Implementations that want to make use of these optimized routines simply include fips202.h. The API for sha3_256 and sha3_512 follows the SUPERCOP hash API. The API for shake256 and shake512 is very similar, except that it supports variable-length output. The SHAKE and cSHAKE functions are also accessible via the absorb-squeezeblocks functions, which offer incremental output generation (but not incremental input handling).

Using optimised SHA512

Some schemes submitted to NIST make use of SHA512 for hashing. We've experimented with assembly-optimised SHA512, but found that the speed-up achievable with this compared to the C implementation from SUPERCOP is negligible when compiled using arm-none-eabi-gcc-8.2.0. For older compiler versions (e.g. 5.4.1) hand-optimised assembly implementations were significantly faster. We've therefore decided to only include a C version of SHA512. The available functions are:

int crypto_hash_sha512(unsigned char *out,const unsigned char *in,unsigned long long inlen);

Implementations can make use of this by including crypto_hash_sha512.h.

Bibliography

When referring to this framework in academic literature, please consider using the following bibTeX excerpt:

@misc{PQM4,
  title = {{PQM4}: Post-quantum crypto library for the {ARM} {Cortex-M4}},
  author = {Matthias J. Kannwischer and Joost Rijneveld and Peter Schwabe and Ko Stoffelen},
  note = {\url{https://github.com/mupq/pqm4}}
}

License

Different parts of pqm4 have different licenses.

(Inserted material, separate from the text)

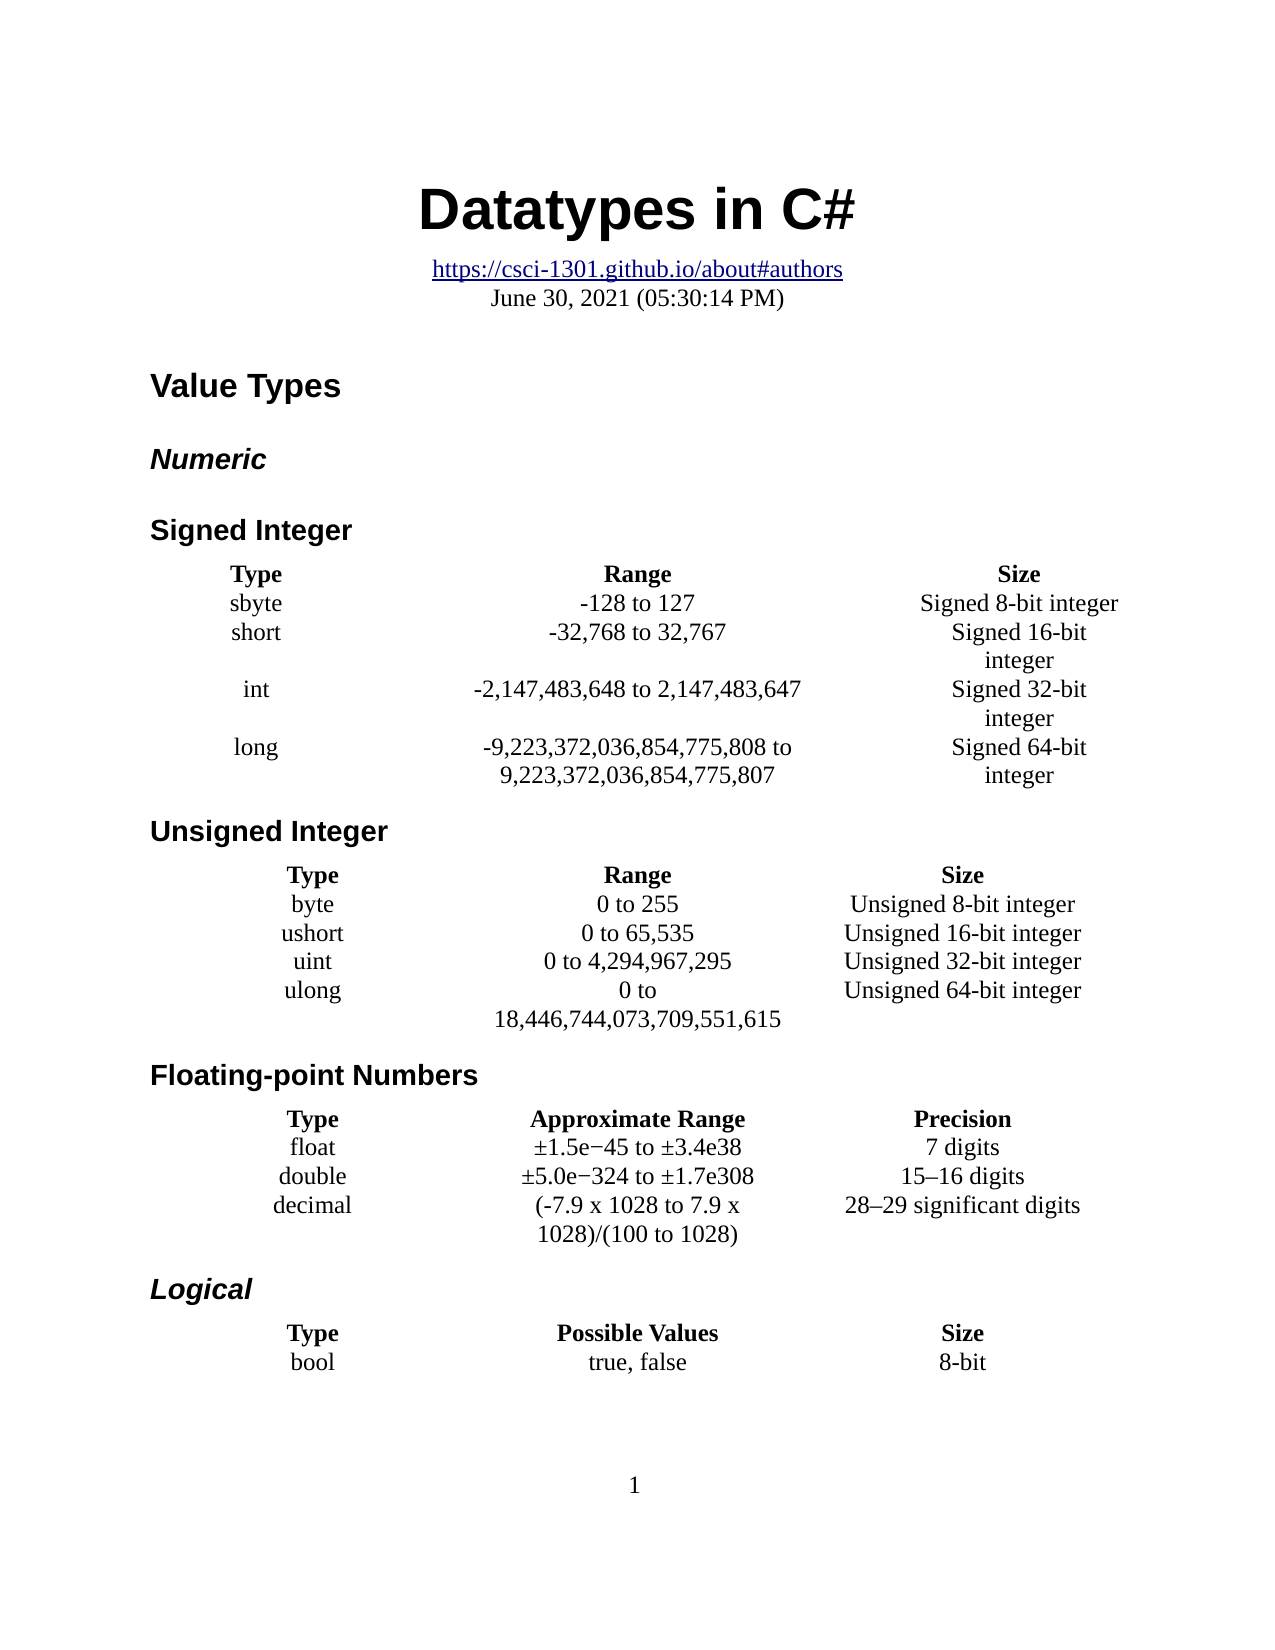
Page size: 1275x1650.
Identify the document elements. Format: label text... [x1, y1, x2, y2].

Specifically,

  • the files under common/ are in the public domain;
  • the files under crypto_kem/frodo640-cshake/ are under MIT License;
  • the files under crypto_kem/kyber768/ are in the public domain;
  • the files under crypto_kem/newhope1024cca/ are in the public domain;
  • the files under crypto_kem/ntruhrss701/ are in the public domain;
  • the files under crypto_kem/sikep751/ are under MIT License;
  • the files under crypto_kem/sntrup4591761/ are in the public domain;
  • the files under crypto_sign/dilithium/ are in the public domain;
  • the files under crypto_sign/qTesla-I/ are in the public domain;
  • the files under crypto_sign/qTesla-III-size/ are in the public domain;
  • the files under crypto_sign/qTesla-III-speed/ are in the public domain;
  • the files under crypto_sign/sphincs-shake256-128s/ are in the public domain;
  • the files under hostside/ are in the public domain;
  • the files under the submodule directory libopencm3/ are under LGPL3;
  • the files speed.c, stack.c, test.c, testvectors.c, and testvectors-host.c in crypto_kem/ are in the public domain;
  • the files speed.c, stack.c, test.c, testvectors.c, and testvectors-host.c in crypto_sign/ are in the public domain; and
  • the files benchmarks.py, benchmarks_to_md.py, Makefile, README.md, test.py, testvectors.py, and utils.py are in the public domain.